At that moment, the topic of conversation stumbled into the room, holding two navy-blue mugs. "Coffee anyone?"
It was amazing to watch the reaction. In a flash, Stark had leaped up from the couch and dove across the room, hastily grabbing one of the mugs from Clint (despite the agent's warning cries of, "DON'T SPILL THAT ON MY RUG!"). Then he took one long, refreshing drink of pure caffeine. When he finished, he sighed and wiped his mouth with the back of his hand, some of the worry lines vanishing from his face. "Clint," he said genuinely, clapping his fellow Avenger on the shoulder, "I owe you one."

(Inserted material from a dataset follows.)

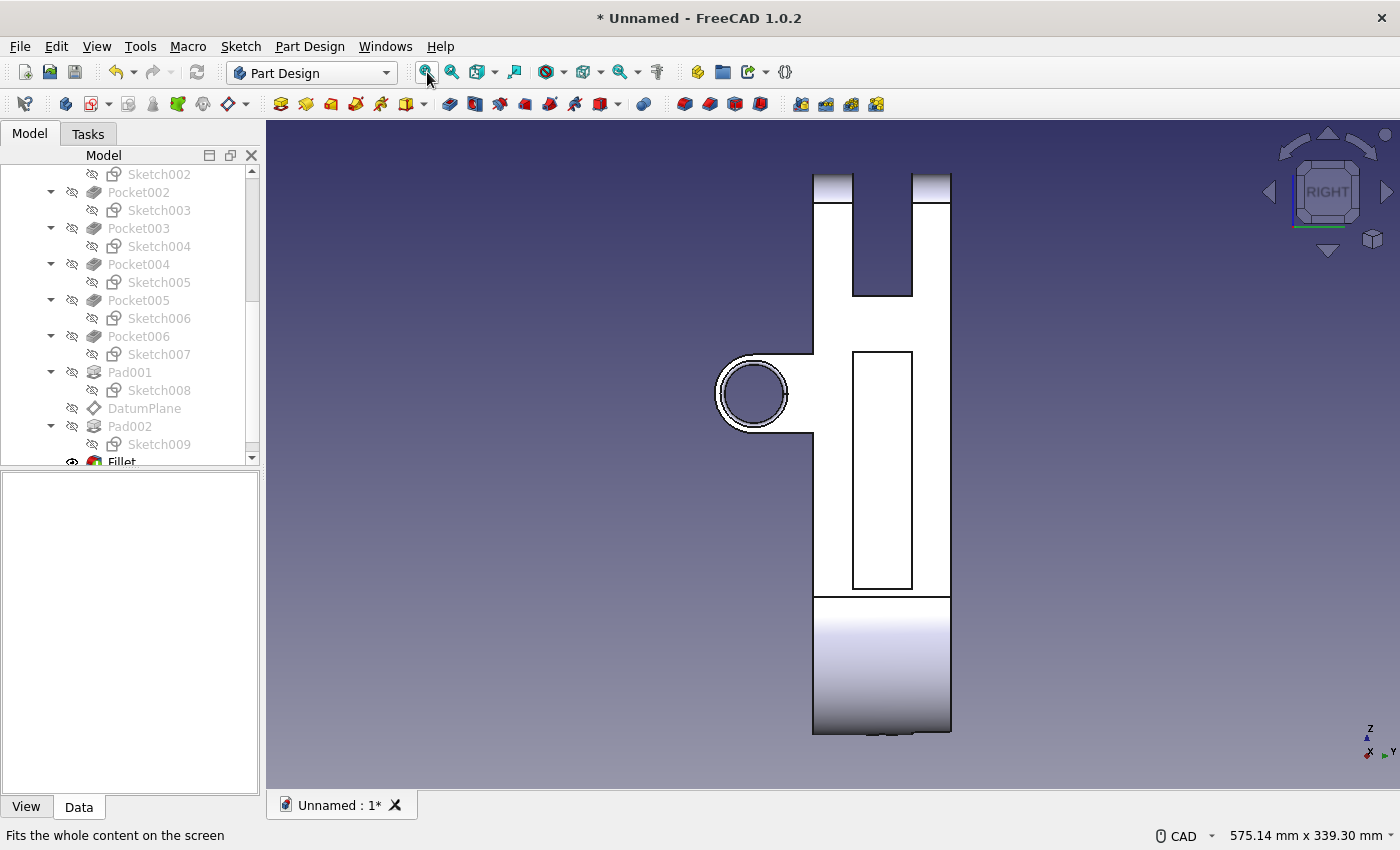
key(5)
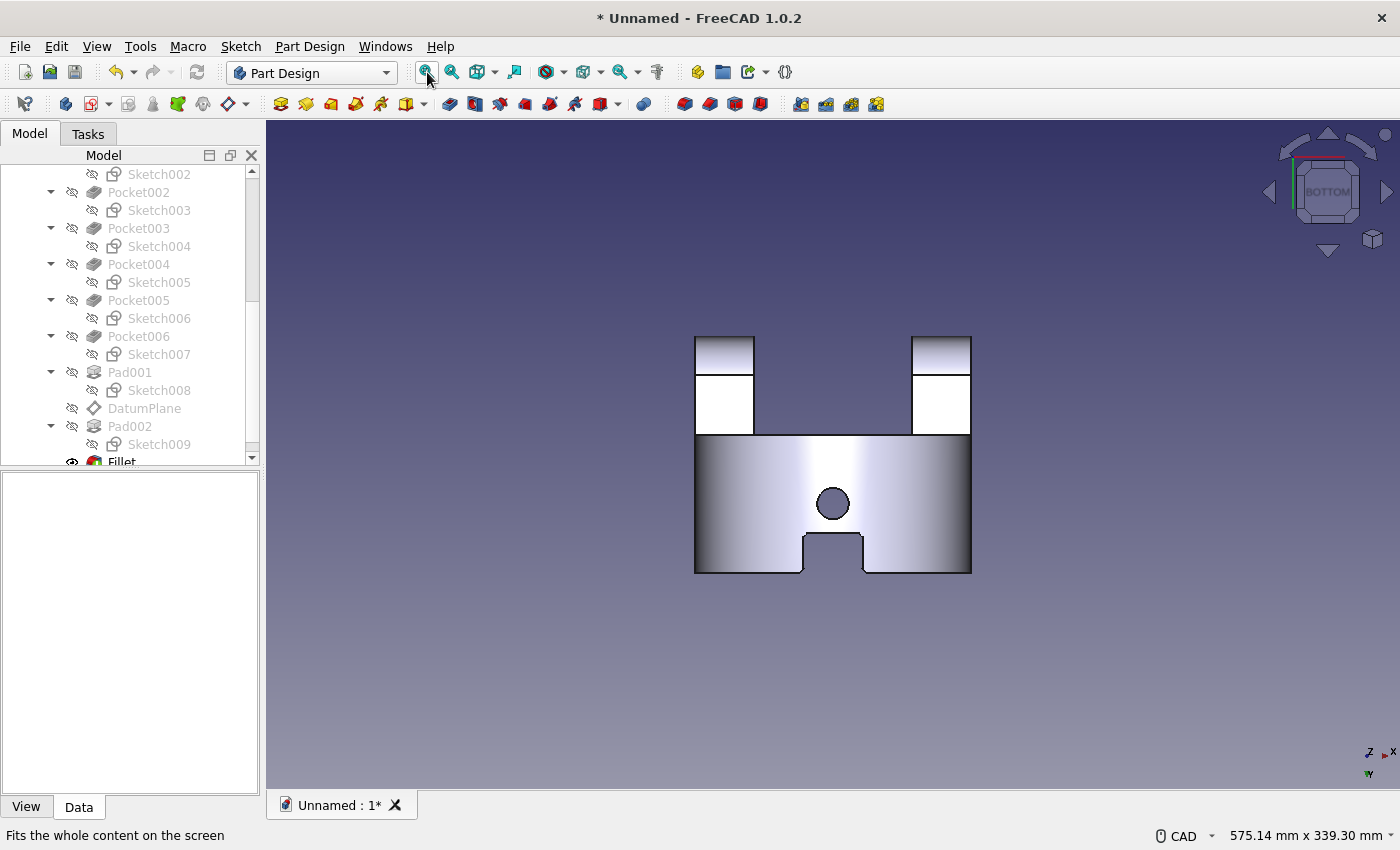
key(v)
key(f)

Then he turned around and came face-to-face with Loki. There was a brief stare-down. After a moment, the god of mischief slunk over to the couch and seated himself on the middle cushion. Another silence ensued before Loki said flatly, "This is mine." And then added, in a voice of the utmost disdain, "You were sitting on it."
Tony stared blankly at him for a moment, and seemed to be in the process of thinking up a very snarky reply. In the end, he simply leaned toward Clint and stage-whispered, "Did Fury say how long you have to put up with this?"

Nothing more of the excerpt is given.